──────── DATA LISTING
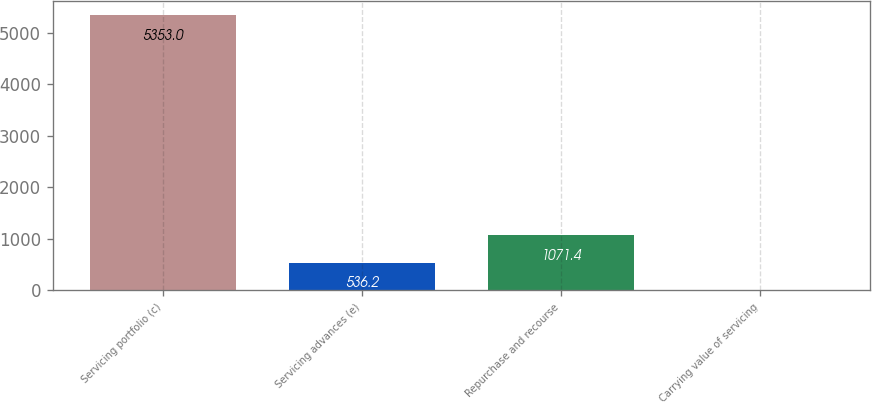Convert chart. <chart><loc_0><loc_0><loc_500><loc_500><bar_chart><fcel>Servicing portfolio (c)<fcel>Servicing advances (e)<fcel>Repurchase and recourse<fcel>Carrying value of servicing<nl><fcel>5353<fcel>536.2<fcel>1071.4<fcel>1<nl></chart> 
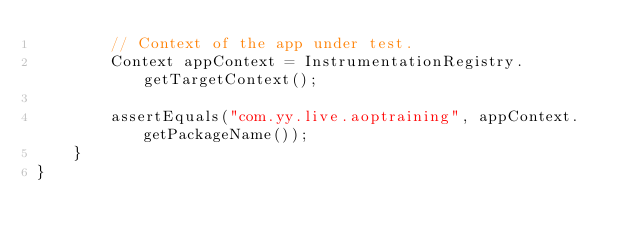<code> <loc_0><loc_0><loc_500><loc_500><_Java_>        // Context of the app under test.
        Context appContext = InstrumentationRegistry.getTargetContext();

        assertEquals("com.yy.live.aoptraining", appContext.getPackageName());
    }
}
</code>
────────────────
──────── DATA LISTING
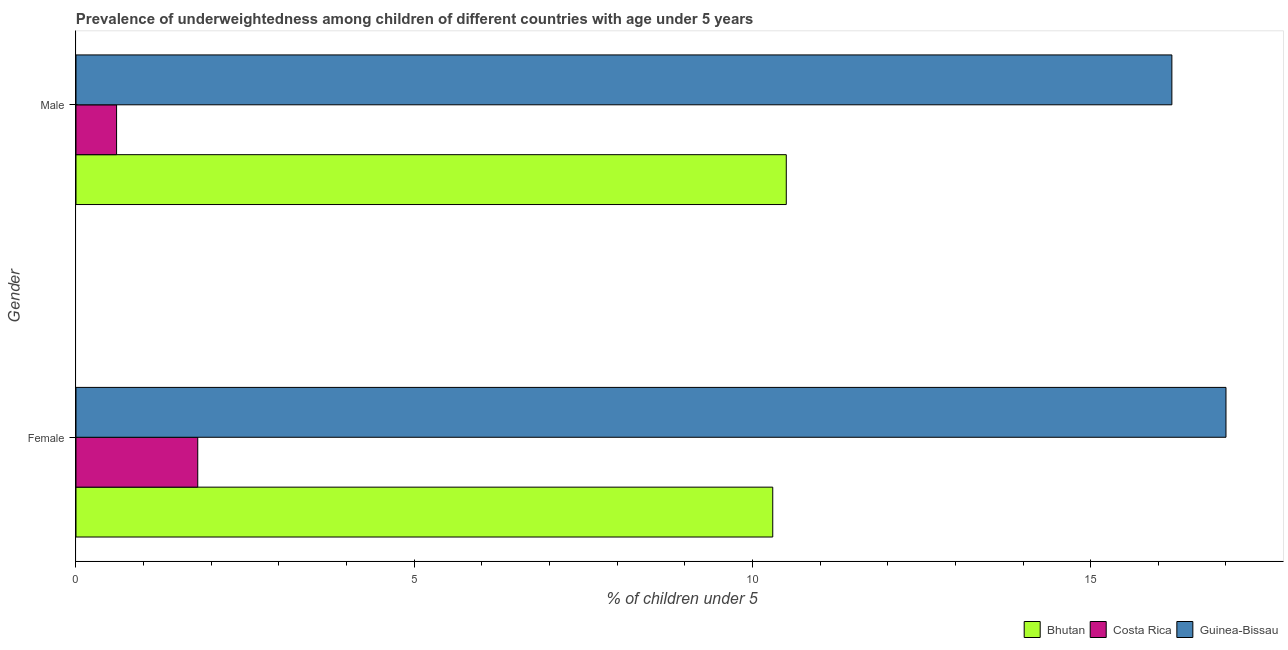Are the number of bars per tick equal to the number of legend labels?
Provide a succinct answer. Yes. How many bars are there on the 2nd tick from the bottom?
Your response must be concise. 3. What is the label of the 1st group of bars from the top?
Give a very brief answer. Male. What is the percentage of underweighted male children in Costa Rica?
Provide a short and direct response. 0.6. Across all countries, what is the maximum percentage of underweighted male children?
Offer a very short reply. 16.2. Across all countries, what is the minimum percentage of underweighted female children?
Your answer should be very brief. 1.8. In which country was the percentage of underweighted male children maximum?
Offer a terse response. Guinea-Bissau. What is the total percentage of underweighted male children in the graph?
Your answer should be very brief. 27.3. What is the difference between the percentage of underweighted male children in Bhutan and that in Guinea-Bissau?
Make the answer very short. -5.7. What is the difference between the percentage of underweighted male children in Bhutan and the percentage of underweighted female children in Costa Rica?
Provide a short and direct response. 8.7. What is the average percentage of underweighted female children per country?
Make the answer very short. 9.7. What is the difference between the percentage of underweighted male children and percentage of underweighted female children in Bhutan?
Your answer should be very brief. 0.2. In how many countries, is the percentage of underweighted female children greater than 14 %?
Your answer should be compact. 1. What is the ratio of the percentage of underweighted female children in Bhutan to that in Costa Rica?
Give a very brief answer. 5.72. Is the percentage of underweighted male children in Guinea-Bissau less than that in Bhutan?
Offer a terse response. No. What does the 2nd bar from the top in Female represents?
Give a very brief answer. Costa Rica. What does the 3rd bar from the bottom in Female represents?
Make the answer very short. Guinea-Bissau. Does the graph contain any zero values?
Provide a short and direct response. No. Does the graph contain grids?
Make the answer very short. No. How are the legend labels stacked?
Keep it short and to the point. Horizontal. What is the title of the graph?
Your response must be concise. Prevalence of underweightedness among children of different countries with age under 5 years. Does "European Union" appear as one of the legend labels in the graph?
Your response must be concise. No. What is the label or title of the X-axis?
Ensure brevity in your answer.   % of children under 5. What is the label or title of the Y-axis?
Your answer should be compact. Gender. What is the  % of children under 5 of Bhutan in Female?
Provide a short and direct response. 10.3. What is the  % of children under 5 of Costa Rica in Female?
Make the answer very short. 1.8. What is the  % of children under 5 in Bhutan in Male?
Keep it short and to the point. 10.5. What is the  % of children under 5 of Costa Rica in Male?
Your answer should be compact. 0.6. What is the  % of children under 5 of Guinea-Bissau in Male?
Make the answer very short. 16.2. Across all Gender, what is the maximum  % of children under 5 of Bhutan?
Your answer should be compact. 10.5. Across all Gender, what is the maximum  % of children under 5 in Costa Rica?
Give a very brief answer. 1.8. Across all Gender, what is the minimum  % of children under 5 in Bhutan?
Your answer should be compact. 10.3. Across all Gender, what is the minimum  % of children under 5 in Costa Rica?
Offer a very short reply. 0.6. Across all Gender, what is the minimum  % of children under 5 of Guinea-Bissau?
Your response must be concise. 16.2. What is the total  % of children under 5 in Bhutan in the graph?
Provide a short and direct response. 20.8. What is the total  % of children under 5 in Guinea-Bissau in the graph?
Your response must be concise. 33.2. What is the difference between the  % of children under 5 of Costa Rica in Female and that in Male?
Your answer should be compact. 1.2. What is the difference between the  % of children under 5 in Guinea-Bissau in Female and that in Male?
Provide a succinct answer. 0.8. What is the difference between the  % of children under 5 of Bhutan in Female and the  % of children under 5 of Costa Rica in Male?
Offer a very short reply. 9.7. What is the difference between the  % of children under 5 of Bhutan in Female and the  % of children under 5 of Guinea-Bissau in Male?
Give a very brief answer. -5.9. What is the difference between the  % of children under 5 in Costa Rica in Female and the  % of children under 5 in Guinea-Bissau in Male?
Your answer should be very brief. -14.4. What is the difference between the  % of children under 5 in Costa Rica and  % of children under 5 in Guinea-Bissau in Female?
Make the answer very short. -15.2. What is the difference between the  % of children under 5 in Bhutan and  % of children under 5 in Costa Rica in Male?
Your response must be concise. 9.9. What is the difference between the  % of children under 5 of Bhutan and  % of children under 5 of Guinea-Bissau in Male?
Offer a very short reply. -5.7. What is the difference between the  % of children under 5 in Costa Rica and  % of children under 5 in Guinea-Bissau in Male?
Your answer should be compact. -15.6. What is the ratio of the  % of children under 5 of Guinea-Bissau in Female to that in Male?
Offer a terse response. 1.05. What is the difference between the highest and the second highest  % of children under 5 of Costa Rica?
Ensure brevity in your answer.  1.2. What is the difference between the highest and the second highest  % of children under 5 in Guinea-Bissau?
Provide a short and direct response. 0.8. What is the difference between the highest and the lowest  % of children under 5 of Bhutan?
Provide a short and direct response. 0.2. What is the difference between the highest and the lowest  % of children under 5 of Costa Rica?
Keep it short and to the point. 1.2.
────────────────
Given the records above, reproduce precisely and only the lines between the line holding "Your answer should be compact. Gender." and the line holding "Give a very brief answer. -5.9.", inclusive.

Your answer should be compact. Gender. What is the  % of children under 5 of Bhutan in Female?
Provide a short and direct response. 10.3. What is the  % of children under 5 of Costa Rica in Female?
Make the answer very short. 1.8. What is the  % of children under 5 in Bhutan in Male?
Keep it short and to the point. 10.5. What is the  % of children under 5 of Costa Rica in Male?
Your answer should be compact. 0.6. What is the  % of children under 5 of Guinea-Bissau in Male?
Make the answer very short. 16.2. Across all Gender, what is the maximum  % of children under 5 of Bhutan?
Your answer should be compact. 10.5. Across all Gender, what is the maximum  % of children under 5 in Costa Rica?
Give a very brief answer. 1.8. Across all Gender, what is the minimum  % of children under 5 in Bhutan?
Your answer should be compact. 10.3. Across all Gender, what is the minimum  % of children under 5 in Costa Rica?
Offer a very short reply. 0.6. Across all Gender, what is the minimum  % of children under 5 of Guinea-Bissau?
Your response must be concise. 16.2. What is the total  % of children under 5 in Bhutan in the graph?
Provide a short and direct response. 20.8. What is the total  % of children under 5 in Guinea-Bissau in the graph?
Your response must be concise. 33.2. What is the difference between the  % of children under 5 of Costa Rica in Female and that in Male?
Your answer should be compact. 1.2. What is the difference between the  % of children under 5 in Guinea-Bissau in Female and that in Male?
Provide a succinct answer. 0.8. What is the difference between the  % of children under 5 of Bhutan in Female and the  % of children under 5 of Costa Rica in Male?
Offer a very short reply. 9.7. What is the difference between the  % of children under 5 of Bhutan in Female and the  % of children under 5 of Guinea-Bissau in Male?
Give a very brief answer. -5.9. What is the difference between the  % of children under 5 in Costa Rica in Female and the  % of children under 5 in Guinea-Bissau in Male?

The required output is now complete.